My mother, my sister and I moved to an upper  flat on Calvert. What was supposed to be the dining room, was made into the television room and we ate our meals in the breakfast room while watching the pigeons nesting near the roof next door.  We named one of them Bridie Murphy.  We ate family style with bowls of food on the table that we served ourselves from.  There was no free for all.  “Please.” and “Thank you.” and “You’re welcome.” were expected and used.  My mother cooked but my sister and I set the table and took turns washing the dishes and clearing the rack and table, usually with much whispering about who’s turn it was to do what. We whispered because my mother said she didn’t want to hear any arguing about it.  I took cooking in junior high school and learned to make pineapple muffins which I made often. I remember fried chicken, mashed potatoes, jello salad and green beans.

When I was in 7th grade we moved to our own house on Oregon St.  The kitchen was too small to eat in and we ate in the dining room which was pretty crowded with a piano, the dining room table and chairs and my mother’s desk (See photo below).  My sister and I soon added cooking one meal a week to our dinner chores.  I don’t remember what I cooked, aside from biscuits. I remember Pearl cooked a lot of hot dogs and corn bread.

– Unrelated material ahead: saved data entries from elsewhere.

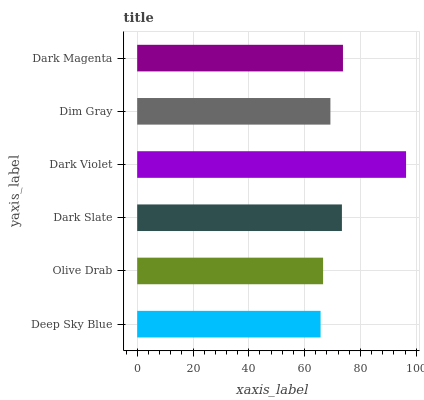Is Deep Sky Blue the minimum?
Answer yes or no. Yes. Is Dark Violet the maximum?
Answer yes or no. Yes. Is Olive Drab the minimum?
Answer yes or no. No. Is Olive Drab the maximum?
Answer yes or no. No. Is Olive Drab greater than Deep Sky Blue?
Answer yes or no. Yes. Is Deep Sky Blue less than Olive Drab?
Answer yes or no. Yes. Is Deep Sky Blue greater than Olive Drab?
Answer yes or no. No. Is Olive Drab less than Deep Sky Blue?
Answer yes or no. No. Is Dark Slate the high median?
Answer yes or no. Yes. Is Dim Gray the low median?
Answer yes or no. Yes. Is Deep Sky Blue the high median?
Answer yes or no. No. Is Olive Drab the low median?
Answer yes or no. No. 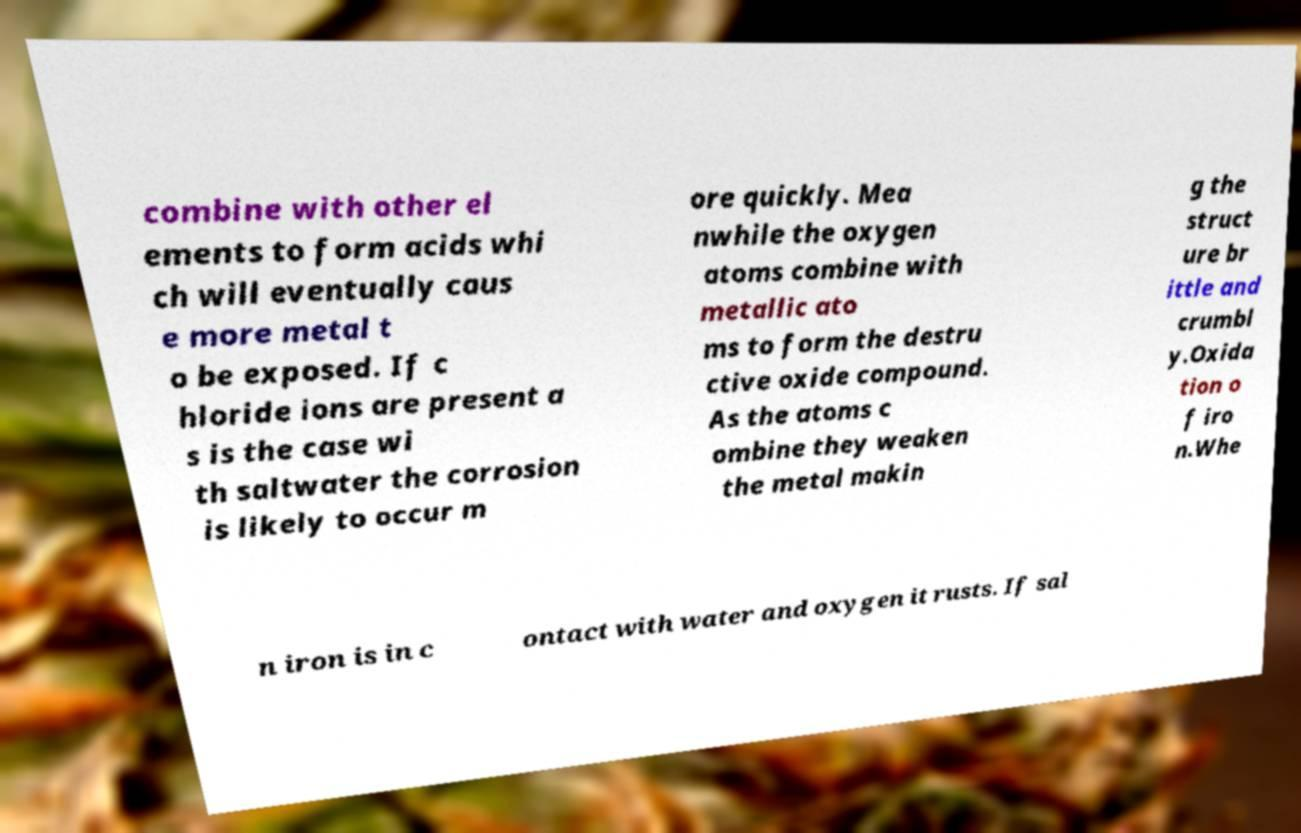Could you assist in decoding the text presented in this image and type it out clearly? combine with other el ements to form acids whi ch will eventually caus e more metal t o be exposed. If c hloride ions are present a s is the case wi th saltwater the corrosion is likely to occur m ore quickly. Mea nwhile the oxygen atoms combine with metallic ato ms to form the destru ctive oxide compound. As the atoms c ombine they weaken the metal makin g the struct ure br ittle and crumbl y.Oxida tion o f iro n.Whe n iron is in c ontact with water and oxygen it rusts. If sal 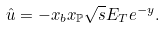<formula> <loc_0><loc_0><loc_500><loc_500>\hat { u } = - x _ { b } x _ { \mathbb { P } } \sqrt { s } E _ { T } e ^ { - y } .</formula> 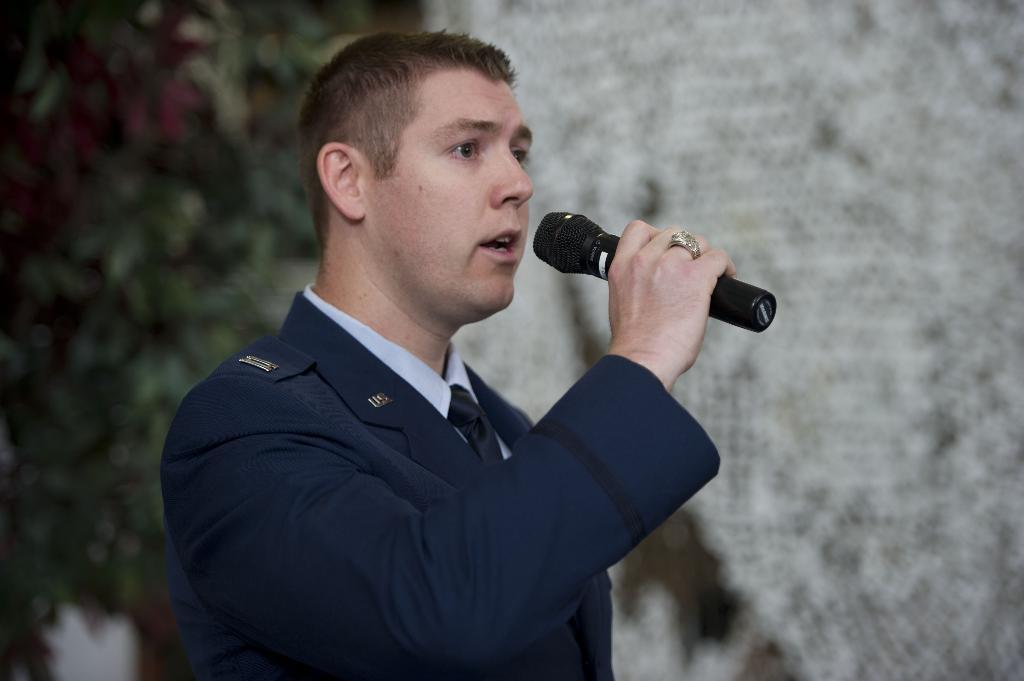What is the man in the image doing? The man is talking into a microphone. What is the man wearing in the image? The man is wearing a coat, tie, and shirt. What can be seen on the left side of the image? There is a plant with leaves on the left side of the image. What type of love can be seen in the image? There is no love present in the image; it features a man talking into a microphone and a plant with leaves. How many balls are visible in the image? There are no balls present in the image. 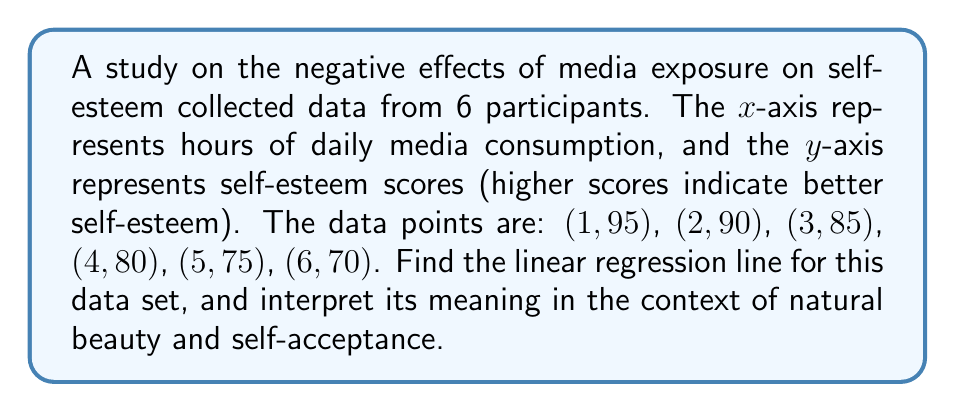Can you answer this question? To find the linear regression line, we'll use the formula $y = mx + b$, where $m$ is the slope and $b$ is the y-intercept.

Step 1: Calculate the means of x and y.
$\bar{x} = \frac{1+2+3+4+5+6}{6} = 3.5$
$\bar{y} = \frac{95+90+85+80+75+70}{6} = 82.5$

Step 2: Calculate the slope $m$ using the formula:
$m = \frac{\sum(x_i - \bar{x})(y_i - \bar{y})}{\sum(x_i - \bar{x})^2}$

$\sum(x_i - \bar{x})(y_i - \bar{y}) = (-2.5)(12.5) + (-1.5)(7.5) + (-0.5)(2.5) + (0.5)(-2.5) + (1.5)(-7.5) + (2.5)(-12.5) = -87.5$

$\sum(x_i - \bar{x})^2 = (-2.5)^2 + (-1.5)^2 + (-0.5)^2 + (0.5)^2 + (1.5)^2 + (2.5)^2 = 17.5$

$m = \frac{-87.5}{17.5} = -5$

Step 3: Calculate the y-intercept $b$ using the formula:
$b = \bar{y} - m\bar{x}$
$b = 82.5 - (-5)(3.5) = 100$

Therefore, the linear regression line is $y = -5x + 100$.

Interpretation: The negative slope (-5) indicates that for each additional hour of daily media consumption, self-esteem scores decrease by 5 points. This suggests that increased media exposure is associated with lower self-esteem, highlighting the importance of limiting media consumption and promoting natural beauty and self-acceptance.
Answer: $y = -5x + 100$ 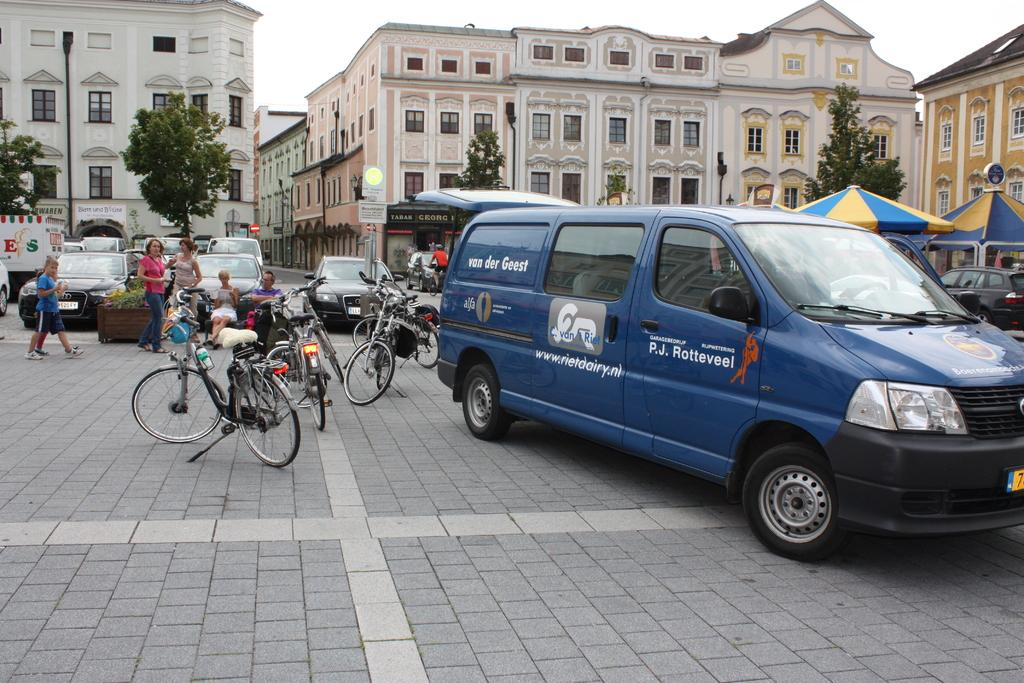<image>
Describe the image concisely. A commercial blue van that has P.J. Rotteveel advertising on the side. 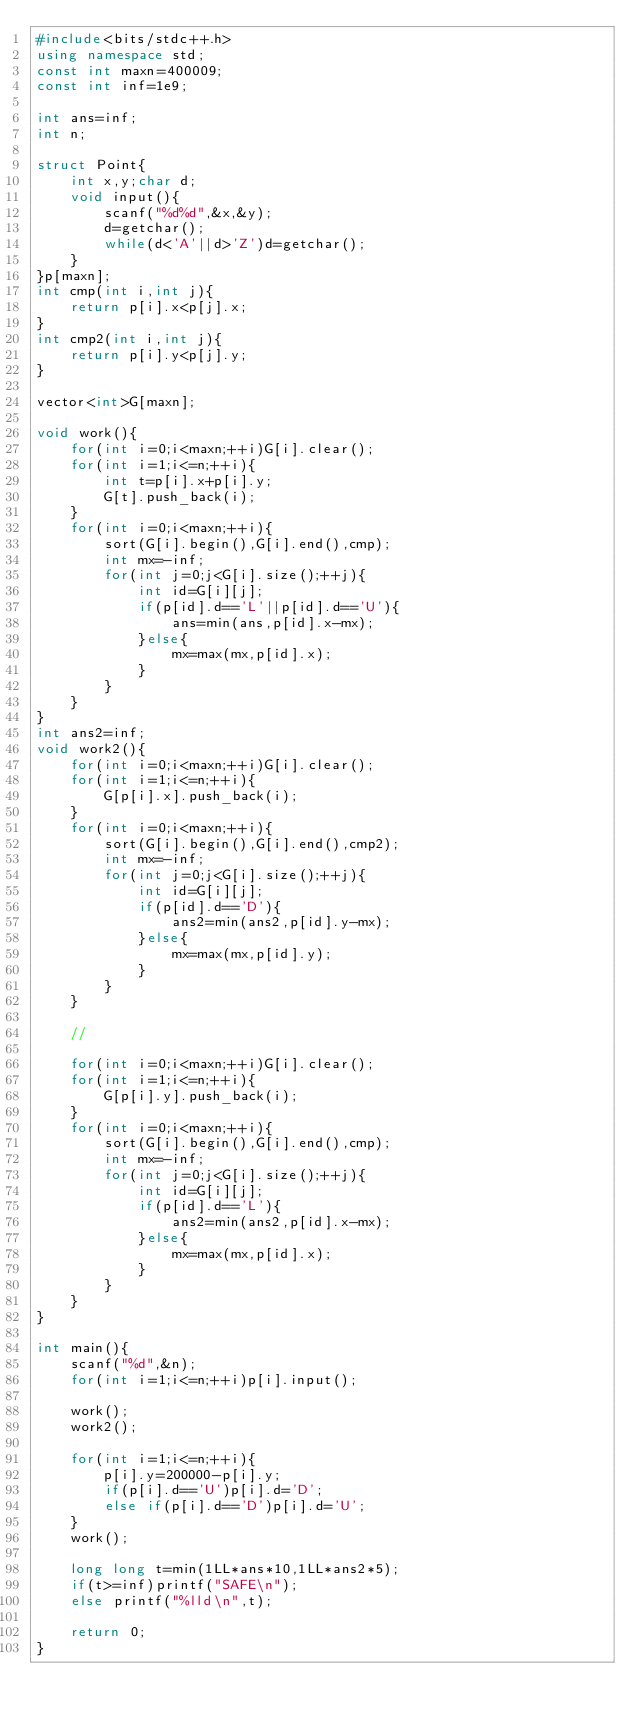Convert code to text. <code><loc_0><loc_0><loc_500><loc_500><_C++_>#include<bits/stdc++.h>
using namespace std;
const int maxn=400009;
const int inf=1e9;

int ans=inf;
int n;

struct Point{
	int x,y;char d;
	void input(){
		scanf("%d%d",&x,&y);
		d=getchar();
		while(d<'A'||d>'Z')d=getchar();
	}
}p[maxn];
int cmp(int i,int j){
	return p[i].x<p[j].x;
}
int cmp2(int i,int j){
	return p[i].y<p[j].y;
}

vector<int>G[maxn];

void work(){
	for(int i=0;i<maxn;++i)G[i].clear();
	for(int i=1;i<=n;++i){
		int t=p[i].x+p[i].y;
		G[t].push_back(i);
	}
	for(int i=0;i<maxn;++i){
		sort(G[i].begin(),G[i].end(),cmp);
		int mx=-inf;
		for(int j=0;j<G[i].size();++j){
			int id=G[i][j];
			if(p[id].d=='L'||p[id].d=='U'){
				ans=min(ans,p[id].x-mx);
			}else{
				mx=max(mx,p[id].x);
			}
		}
	}
}
int ans2=inf;
void work2(){
	for(int i=0;i<maxn;++i)G[i].clear();
	for(int i=1;i<=n;++i){
		G[p[i].x].push_back(i);
	}
	for(int i=0;i<maxn;++i){
		sort(G[i].begin(),G[i].end(),cmp2);
		int mx=-inf;
		for(int j=0;j<G[i].size();++j){
			int id=G[i][j];
			if(p[id].d=='D'){
				ans2=min(ans2,p[id].y-mx);
			}else{
				mx=max(mx,p[id].y);
			}
		}
	}
	
	//
	
	for(int i=0;i<maxn;++i)G[i].clear();
	for(int i=1;i<=n;++i){
		G[p[i].y].push_back(i);
	}
	for(int i=0;i<maxn;++i){
		sort(G[i].begin(),G[i].end(),cmp);
		int mx=-inf;
		for(int j=0;j<G[i].size();++j){
			int id=G[i][j];
			if(p[id].d=='L'){
				ans2=min(ans2,p[id].x-mx);
			}else{
				mx=max(mx,p[id].x);
			}
		}
	}
}

int main(){
	scanf("%d",&n);
	for(int i=1;i<=n;++i)p[i].input();
	
	work();
	work2();
	
	for(int i=1;i<=n;++i){
		p[i].y=200000-p[i].y;
		if(p[i].d=='U')p[i].d='D';
		else if(p[i].d=='D')p[i].d='U';
	}
	work();
	
	long long t=min(1LL*ans*10,1LL*ans2*5);
	if(t>=inf)printf("SAFE\n");
	else printf("%lld\n",t);
	
	return 0;
}</code> 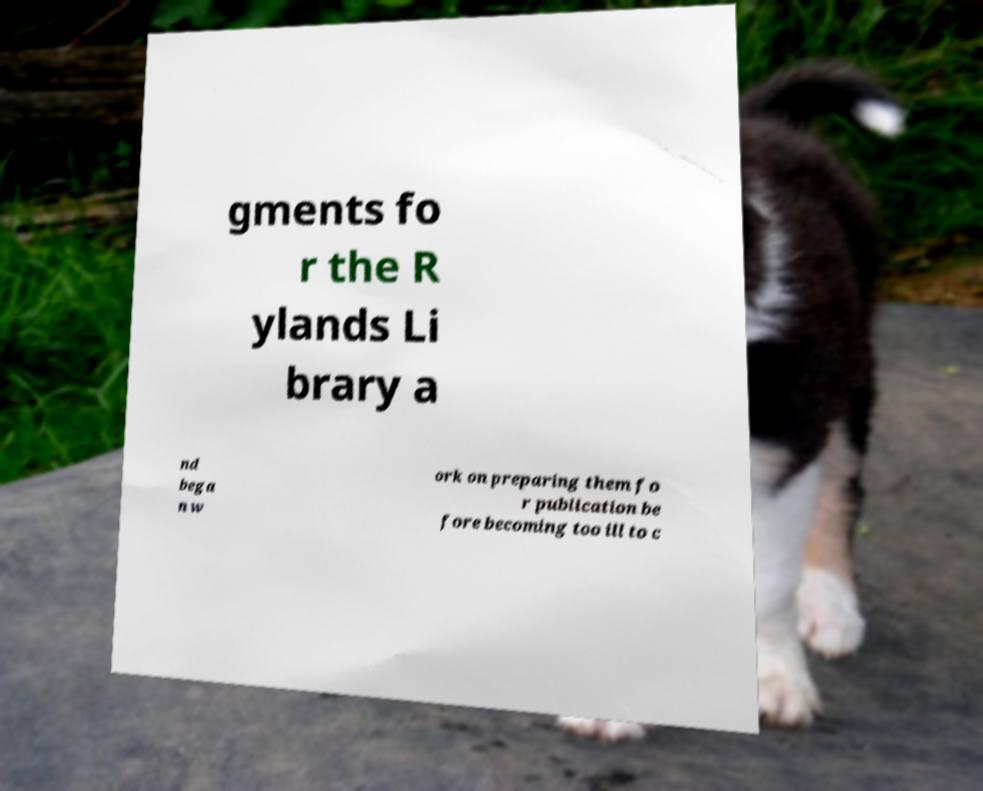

My mother remarried when I was in high school and we all ate dinner together unless Henry was working late.  He and my uncle Hugh had a printing shop at that time and often worked through the night.  I remember Henry saying how important it was for a family to sit down to dinner together because it might be the only time of the day they spent together.  As we got older there were interesting dinner table conversations about politics, what happened that day and more politics.  Dinner continued to be a meal shared by all who were home as long as I lived there.

Not dinner, but this is the dining room of the house on Oregon Street about 1962. From left, my mother with the braid, sister Pearl, aunt Gladys, Me, my father.

When I was raising my own 6 children we ate together, although my husband was often working and did not get to eat with us. We continued to have meal time discussions and to serve family style. Now that my children are grown with their own families and dinner tables, my husband and I eat still eat our meals together at the table.  Television has never been a part of our mealtimes.

My husband Jim eating at our present table in the dining/kitchen/living room. 2010.

The prompt: Week 32: Dinner Time. On a typical childhood evening, who was around the dinner table? Was the meal served by one person, or was it a free-for-all? What is dinner time like in your family today?